Илья, как всегда, не тратя зря слов, кивнул, бросил котомку на пол в углу номера и мгновенно уснул. Михаил в эту ночь не спал, лежал на кровати, вглядывался в мутно белеющий потолок и не знал, что ему делать дальше. Понимал, что самое верное и безопасное решение — это отправиться к месту службы, в гарнизон, и служить там, забыв о том, что произошло. Но все существо его восставало и не желало принимать этого решения. Восторг, с которым он глядел на взметнувшееся на полнеба зарево, не проходил, будто что-то случилось за ночь, словно перевернулась душа и он обрел новое зрение, увидел: кроме серой службы, которая ждет его в гарнизоне, есть иная жизнь — опасная и грозная, которая может захлестывать без остатка.

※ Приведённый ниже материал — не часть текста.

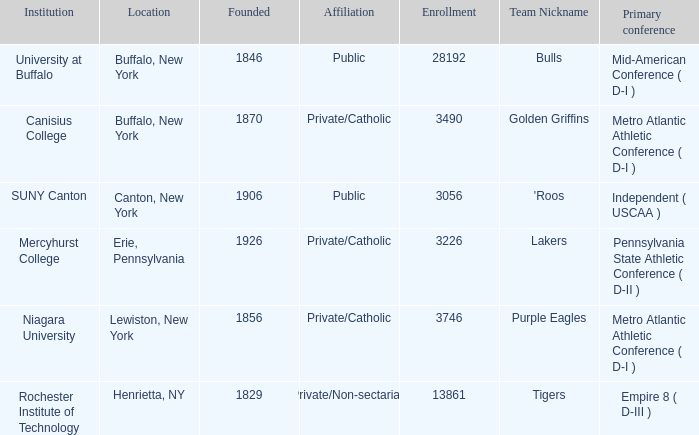Can you parse all the data within this table? {'header': ['Institution', 'Location', 'Founded', 'Affiliation', 'Enrollment', 'Team Nickname', 'Primary conference'], 'rows': [['University at Buffalo', 'Buffalo, New York', '1846', 'Public', '28192', 'Bulls', 'Mid-American Conference ( D-I )'], ['Canisius College', 'Buffalo, New York', '1870', 'Private/Catholic', '3490', 'Golden Griffins', 'Metro Atlantic Athletic Conference ( D-I )'], ['SUNY Canton', 'Canton, New York', '1906', 'Public', '3056', "'Roos", 'Independent ( USCAA )'], ['Mercyhurst College', 'Erie, Pennsylvania', '1926', 'Private/Catholic', '3226', 'Lakers', 'Pennsylvania State Athletic Conference ( D-II )'], ['Niagara University', 'Lewiston, New York', '1856', 'Private/Catholic', '3746', 'Purple Eagles', 'Metro Atlantic Athletic Conference ( D-I )'], ['Rochester Institute of Technology', 'Henrietta, NY', '1829', 'Private/Non-sectarian', '13861', 'Tigers', 'Empire 8 ( D-III )']]} What alliance is erie, pennsylvania part of? Private/Catholic. 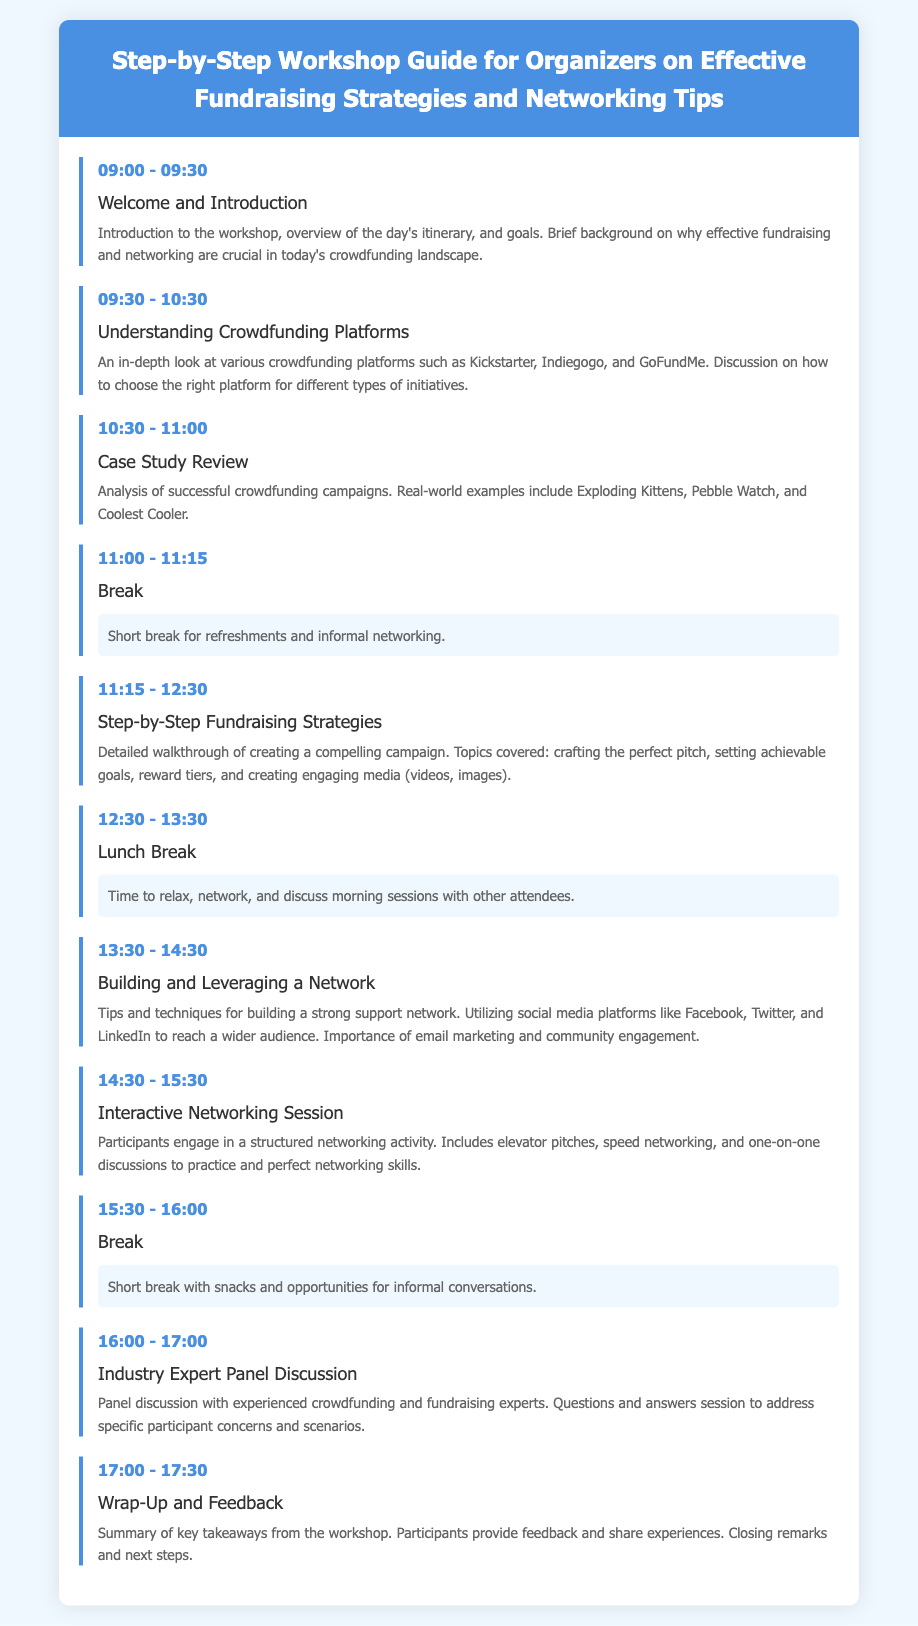What time does the workshop start? The workshop starts at 09:00 according to the itinerary.
Answer: 09:00 What is the title of the workshop? The title of the workshop is stated in the header section of the document.
Answer: Step-by-Step Workshop Guide for Organizers on Effective Fundraising Strategies and Networking Tips What are the successful campaign examples mentioned? The case study review section lists several successful crowdfunding campaigns as examples.
Answer: Exploding Kittens, Pebble Watch, Coolest Cooler How long is the lunch break? The duration of the lunch break can be found in the itinerary.
Answer: 1 hour What activity takes place after the lunch break? The next activity after lunch is detailed directly in the itinerary.
Answer: Building and Leveraging a Network What is the purpose of the Interactive Networking Session? The purpose of this session is to engage participants in networking skills.
Answer: Practice and perfect networking skills How many major sessions are outlined before the wrap-up? The number of major sessions can be counted from the itinerary listed activities before the wrap-up.
Answer: 8 sessions Which platform is mentioned as part of building a network? The specific social media platform highlighted in the networking tips is listed.
Answer: Facebook, Twitter, LinkedIn What type of feedback is given at the end of the workshop? The final session focuses on summarizing experiences and collecting participant feedback.
Answer: Feedback and share experiences

Задремал Михаил лишь под утро. И почти сразу проснулся от осторожного стука в дверь. Илья уже был на ногах, тревожно смотрел на него и одновременно на окно, в которое весело сочился солнечный свет. Михаил кивнул, и Илья, поняв его без слов, бесшумно раскрыл окно, распахнул створки — если уж придется прыгать, чтобы никакой задержки не случилось.
— Кто там?
— Господин хороший, — донесся из-за двери приглушенный голос коридорного, — извиняйте великодушно, вас одна дама желает видеть…

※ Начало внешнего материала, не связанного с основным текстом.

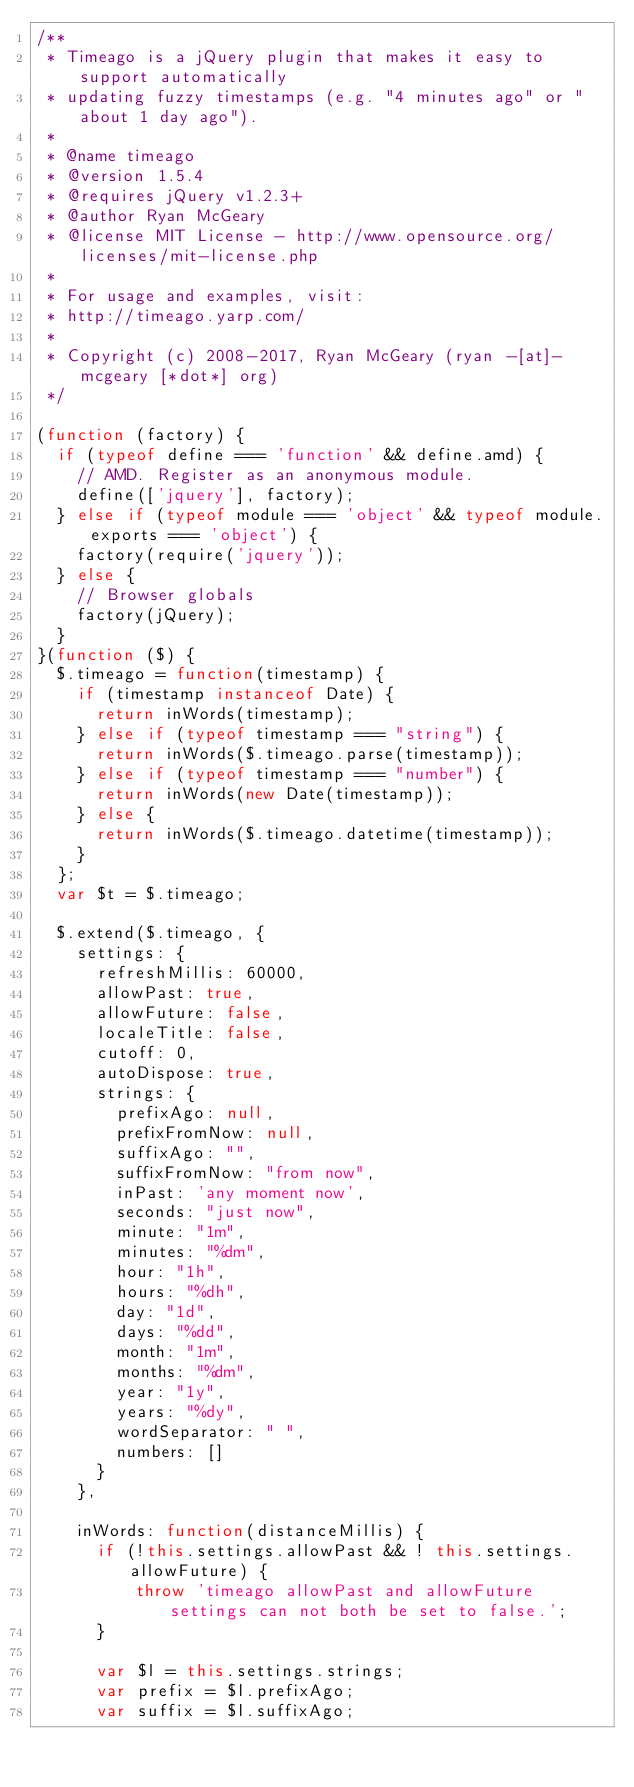Convert code to text. <code><loc_0><loc_0><loc_500><loc_500><_JavaScript_>/**
 * Timeago is a jQuery plugin that makes it easy to support automatically
 * updating fuzzy timestamps (e.g. "4 minutes ago" or "about 1 day ago").
 *
 * @name timeago
 * @version 1.5.4
 * @requires jQuery v1.2.3+
 * @author Ryan McGeary
 * @license MIT License - http://www.opensource.org/licenses/mit-license.php
 *
 * For usage and examples, visit:
 * http://timeago.yarp.com/
 *
 * Copyright (c) 2008-2017, Ryan McGeary (ryan -[at]- mcgeary [*dot*] org)
 */

(function (factory) {
  if (typeof define === 'function' && define.amd) {
    // AMD. Register as an anonymous module.
    define(['jquery'], factory);
  } else if (typeof module === 'object' && typeof module.exports === 'object') {
    factory(require('jquery'));
  } else {
    // Browser globals
    factory(jQuery);
  }
}(function ($) {
  $.timeago = function(timestamp) {
    if (timestamp instanceof Date) {
      return inWords(timestamp);
    } else if (typeof timestamp === "string") {
      return inWords($.timeago.parse(timestamp));
    } else if (typeof timestamp === "number") {
      return inWords(new Date(timestamp));
    } else {
      return inWords($.timeago.datetime(timestamp));
    }
  };
  var $t = $.timeago;

  $.extend($.timeago, {
    settings: {
      refreshMillis: 60000,
      allowPast: true,
      allowFuture: false,
      localeTitle: false,
      cutoff: 0,
      autoDispose: true,
      strings: {
        prefixAgo: null,
        prefixFromNow: null,
        suffixAgo: "",
        suffixFromNow: "from now",
        inPast: 'any moment now',
        seconds: "just now",
        minute: "1m",
        minutes: "%dm",
        hour: "1h",
        hours: "%dh",
        day: "1d",
        days: "%dd",
        month: "1m",
        months: "%dm",
        year: "1y",
        years: "%dy",
        wordSeparator: " ",
        numbers: []
      }
    },

    inWords: function(distanceMillis) {
      if (!this.settings.allowPast && ! this.settings.allowFuture) {
          throw 'timeago allowPast and allowFuture settings can not both be set to false.';
      }

      var $l = this.settings.strings;
      var prefix = $l.prefixAgo;
      var suffix = $l.suffixAgo;</code>

— Какая дама? Я никого не жду!
— А я без приглашения, милый друг, — зазвенел в ответ напевный женский голос, — нам очень нужно поговорить, Михаил. Поверьте, вам ничего не угрожает.
Илья взмахнул рукой, показывая, чтобы Михаил не открывал двери, но тот, сам не понимая почему, отщелкнул медную, тускло сверкнувшую защелку, и увидел перед собой Марию Федоровну, одетую в черное траурное платье, в черной же шляпке с темной вуалью, которая закрывала почти все лицо. Мария Федоровна быстро переступила через порог, защелкнула за собой дверь и повернулась к Михаилу, медленным, красивым движением тонкой руки приподняла вуаль. На него в упор смотрели огромные голубые глаза, влажные, словно в них стояли слезы. Они завораживали, а знакомый голос с трудом доходил до сознания:
— Михаил, это невежливо, даже неприлично… Спалили имение и уезжаете, не попрощавшись. Мы могли бы поговорить, нам есть что вспомнить…
— Что вам нужно? — собрав всю свою волю, перебил ее Михаил. — Я не поджигал никакого имения!
— Поджигали, не поджигали… — Мария Федоровна легким величавым шагом пересекла номер и оказалась у раскрытого настежь окна, выглянула и спокойно, напевно известила: — Вот эти господа сейчас и разберутся — кто виноват, а кто невиновен… Гляньте, Михаил, будьте любезны!
В узком и высоком проеме окна хорошо было видно, что по площади перед уездной гостиницей, взметывая сапогами летучую пыль, степенно и важно вышагивая, будто гусаки, двигаются трое городовых, придерживая на боках тяжелые шашки в черных ножнах.
— У вас нет времени, Михаил, и выбора тоже нет. А я все-таки желаю вам добра. Сейчас коридорный выведет нас через черный ход, и мы спокойно покинем этот городишко. Решайтесь, иначе будет поздно.
Михаил быстро взглянул на Илью, тот насупился и отвернулся.
— Хорошо, ведите, — через силу выдавил из себя Михаил и схватил саквояж с вещами, который уложил еще ночью.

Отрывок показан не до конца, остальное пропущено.